The construction work is being carried out to connect construction areas in Taipei City and Tucheng City, and the two shield machines procured in this order will each bore 1,529 m between Yongning Station and Dingpu Station on the Tucheng Line. The cutter bits on both shield machines have been designed using special materials and with a unique shape and placement, allowing for continuous boring through gravel and sandstone layers without the need for bit replacement.

Since delivering our first shield machine to Taiwan in 1988, we have now delivered 30 shield machines for subway construction, 18 for water and sewer construction, and 15 for electricals construction, for a total of 63 shield machines to Taiwan—the largest share in Taiwan’s shield machine market. Hitachi Zōsen’s expansive portfolio of work and technological expertise in supplying approx. 1,200 shield machines to Taiwan and both within and outside Japan helped us win this latest order.

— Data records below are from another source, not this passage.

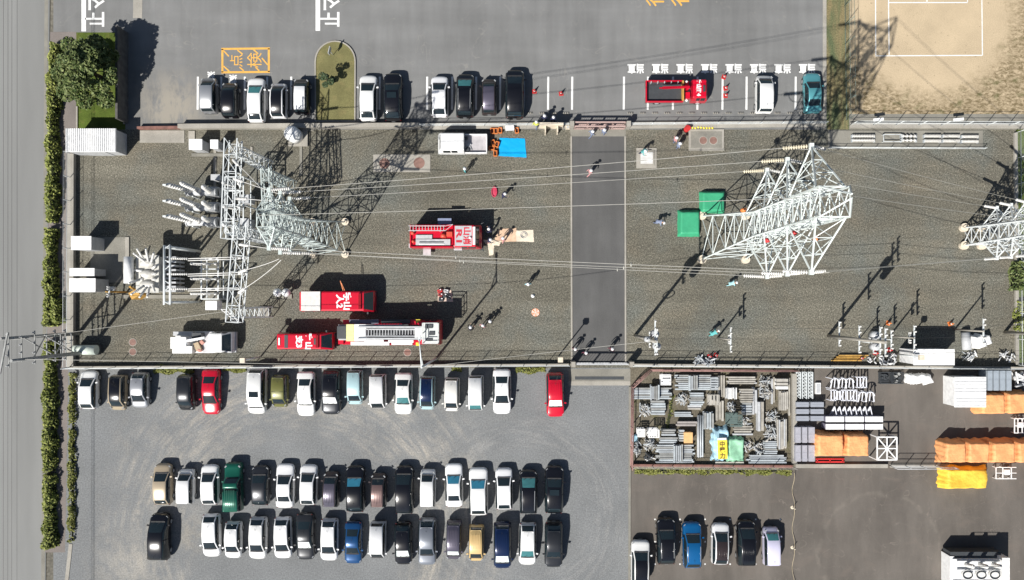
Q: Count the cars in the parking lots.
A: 69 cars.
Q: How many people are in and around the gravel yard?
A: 24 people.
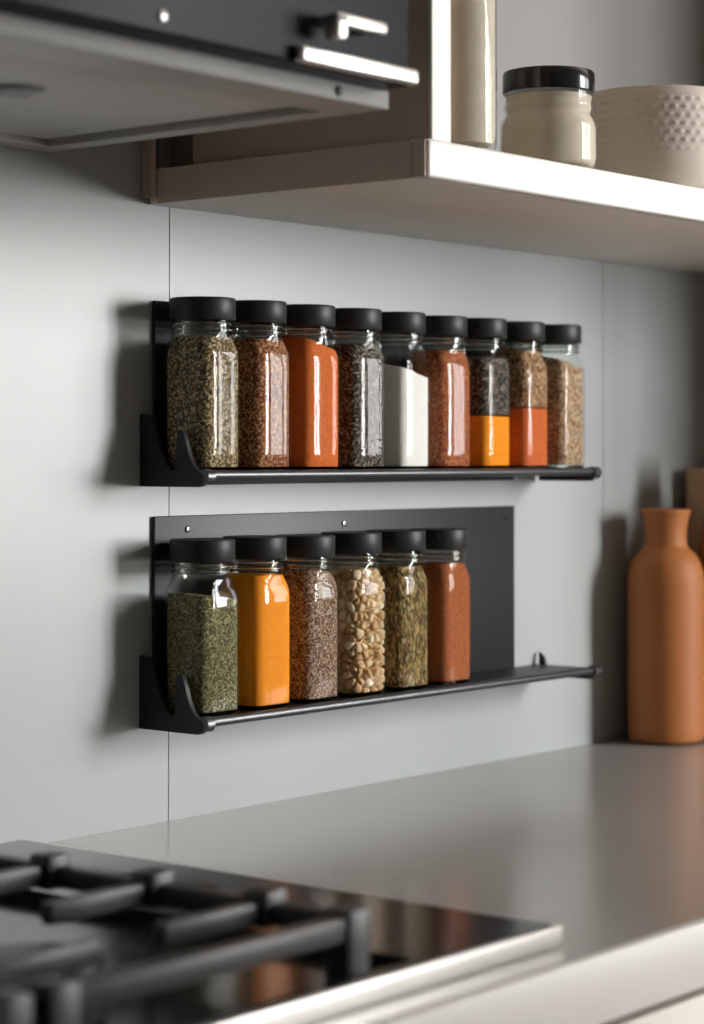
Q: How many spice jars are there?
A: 15

We are actively expanding our shield machine business, including signing a collaborative agreement with Beijing Huasuitong Boring Equipment Co., Ltd. (HQ: Beijing City) in 2008 and completing a new factory exclusively for the manufacture of shield machines and other industrial machinery inside our Sakai Plant (Nishi Ward, Sakai City, Ōsaka Prefecture) in November 2008. Hitachi Zōsen has provided approx. 100 shield machines for foreign markets in the United States, Taiwan, China, Korea, Singapore, and Turkey, and we will continue to actively pursue projects in the ever-expanding international shield machine market.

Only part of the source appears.